This study presents a comprehensive cost–benefit analysis of a fibre optic–based SHMS integrated into a composite helicopter rotor blade. The analysis considers both the economic gains—such as maintenance manpower savings and improved inspection efficiency—and the potential cost penalties, including increased repair complexity and higher spare part costs due to embedded sensors.

The rotor blade life cycle is simulated using a Probabilistic Damage Tolerance Analysis (PDTA) model developed in MATLAB. The PDTA approach enables an hour-by-hour simulation of component degradation and repair events, calculating the Average Probability per Flight Hour (APFH) in compliance with Federal Aviation Administration (FAA) airworthiness requirements, as it is presented in Figure 1.
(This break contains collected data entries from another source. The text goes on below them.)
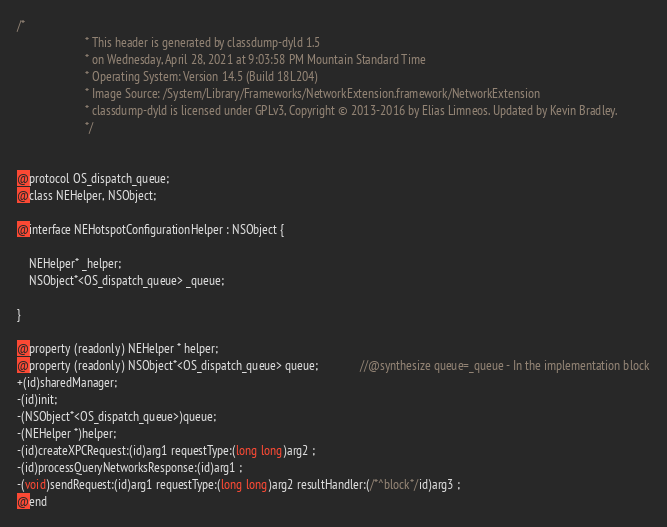Convert code to text. <code><loc_0><loc_0><loc_500><loc_500><_C_>/*
                       * This header is generated by classdump-dyld 1.5
                       * on Wednesday, April 28, 2021 at 9:03:58 PM Mountain Standard Time
                       * Operating System: Version 14.5 (Build 18L204)
                       * Image Source: /System/Library/Frameworks/NetworkExtension.framework/NetworkExtension
                       * classdump-dyld is licensed under GPLv3, Copyright © 2013-2016 by Elias Limneos. Updated by Kevin Bradley.
                       */


@protocol OS_dispatch_queue;
@class NEHelper, NSObject;

@interface NEHotspotConfigurationHelper : NSObject {

	NEHelper* _helper;
	NSObject*<OS_dispatch_queue> _queue;

}

@property (readonly) NEHelper * helper; 
@property (readonly) NSObject*<OS_dispatch_queue> queue;              //@synthesize queue=_queue - In the implementation block
+(id)sharedManager;
-(id)init;
-(NSObject*<OS_dispatch_queue>)queue;
-(NEHelper *)helper;
-(id)createXPCRequest:(id)arg1 requestType:(long long)arg2 ;
-(id)processQueryNetworksResponse:(id)arg1 ;
-(void)sendRequest:(id)arg1 requestType:(long long)arg2 resultHandler:(/*^block*/id)arg3 ;
@end

</code>

To capture the broader maintenance and operational context, a detailed cost model was developed following the IDEF0 functional modelling methodology, which systematically maps each process activity along with its inputs, outputs, constraints, and required resources. This cost model is fully integrated within the PDTA simulation environment. The optimal Life Cycle Management (LCM) strategy is determined using an Ant Colony Optimization (ACO) algorithm. In this framework, the optimization problem is expressed through parameter vectors representing different PDTA variables and maintenance decision parameters. Two scenarios are evaluated according to the Life Cycle Costing (LCC) methodology: (i) the baseline “as-is” configuration without SHMS, and (ii) the “with SHMS” configuration incorporating sensor-based monitoring and decision support.

Simulation results indicate that, for comparable blade reliability levels (i.e., similar APFH values), the introduction of the SHMS yields a measurable economic benefit. This benefit is particularly evident when the SHMS is paired with optimized maintenance strategies derived from the ACO-based LCM analysis. Notably, even in applications where SHMS implementation might initially appear marginal—such as rotor blades that are relatively easy to inspect manually—a positive net economic outcome can still be achieved through an integrated, model-driven approach to life cycle management.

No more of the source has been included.